◆ About this exercise ◆
Output, word for word, the lines of this listing that fall between the line with "- car (774, 581, 798, 599)" and the line with "(roll, pitch, yaw))", counting both of those lines, and no others.

◆ Data under study ◆
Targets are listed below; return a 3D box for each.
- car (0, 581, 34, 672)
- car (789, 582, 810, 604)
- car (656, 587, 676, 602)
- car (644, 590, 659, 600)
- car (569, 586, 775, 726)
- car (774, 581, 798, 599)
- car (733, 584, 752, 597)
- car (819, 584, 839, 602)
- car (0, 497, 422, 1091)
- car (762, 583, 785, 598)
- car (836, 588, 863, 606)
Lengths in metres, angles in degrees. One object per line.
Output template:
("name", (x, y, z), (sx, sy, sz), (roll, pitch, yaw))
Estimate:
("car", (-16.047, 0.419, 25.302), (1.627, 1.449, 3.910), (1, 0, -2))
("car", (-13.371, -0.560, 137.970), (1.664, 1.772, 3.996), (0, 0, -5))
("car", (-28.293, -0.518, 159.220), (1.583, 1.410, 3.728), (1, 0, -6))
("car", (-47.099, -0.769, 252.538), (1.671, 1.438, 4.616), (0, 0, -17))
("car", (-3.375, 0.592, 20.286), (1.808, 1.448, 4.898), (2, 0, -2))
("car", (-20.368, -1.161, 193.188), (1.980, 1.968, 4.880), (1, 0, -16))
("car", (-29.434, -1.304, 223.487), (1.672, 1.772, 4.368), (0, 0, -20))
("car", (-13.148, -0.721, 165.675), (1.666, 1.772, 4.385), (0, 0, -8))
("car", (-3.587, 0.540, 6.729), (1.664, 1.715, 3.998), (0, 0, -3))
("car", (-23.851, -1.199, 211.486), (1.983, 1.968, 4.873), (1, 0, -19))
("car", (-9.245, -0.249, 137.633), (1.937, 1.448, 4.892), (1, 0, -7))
---
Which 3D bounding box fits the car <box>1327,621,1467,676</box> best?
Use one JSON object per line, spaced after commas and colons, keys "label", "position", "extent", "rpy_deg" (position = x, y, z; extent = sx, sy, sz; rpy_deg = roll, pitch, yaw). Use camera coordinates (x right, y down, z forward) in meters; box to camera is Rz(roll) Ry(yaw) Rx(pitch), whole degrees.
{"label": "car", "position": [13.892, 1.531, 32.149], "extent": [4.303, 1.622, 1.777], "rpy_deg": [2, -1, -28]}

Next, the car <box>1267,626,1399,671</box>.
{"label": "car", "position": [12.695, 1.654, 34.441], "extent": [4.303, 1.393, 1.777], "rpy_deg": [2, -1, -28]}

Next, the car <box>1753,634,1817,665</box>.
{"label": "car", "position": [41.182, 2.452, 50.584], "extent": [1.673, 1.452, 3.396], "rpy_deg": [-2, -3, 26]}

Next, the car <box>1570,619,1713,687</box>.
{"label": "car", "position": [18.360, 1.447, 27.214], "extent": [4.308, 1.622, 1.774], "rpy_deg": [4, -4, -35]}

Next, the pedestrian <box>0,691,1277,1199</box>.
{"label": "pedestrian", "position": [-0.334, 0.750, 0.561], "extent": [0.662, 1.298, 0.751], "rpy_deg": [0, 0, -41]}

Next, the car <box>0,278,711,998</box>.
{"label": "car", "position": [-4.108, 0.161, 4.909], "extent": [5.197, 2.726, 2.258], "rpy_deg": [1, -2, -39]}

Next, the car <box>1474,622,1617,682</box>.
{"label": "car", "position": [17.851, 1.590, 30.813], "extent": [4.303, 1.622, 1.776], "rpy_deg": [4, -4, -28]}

◆ Solution to the problem ◆
- car (774, 581, 798, 599)
- car (733, 584, 752, 597)
- car (819, 584, 839, 602)
- car (0, 497, 422, 1091)
- car (762, 583, 785, 598)
- car (836, 588, 863, 606)
Lengths in metres, angles in degrees. One object per line.
Output template:
("name", (x, y, z), (sx, sy, sz), (roll, pitch, yaw))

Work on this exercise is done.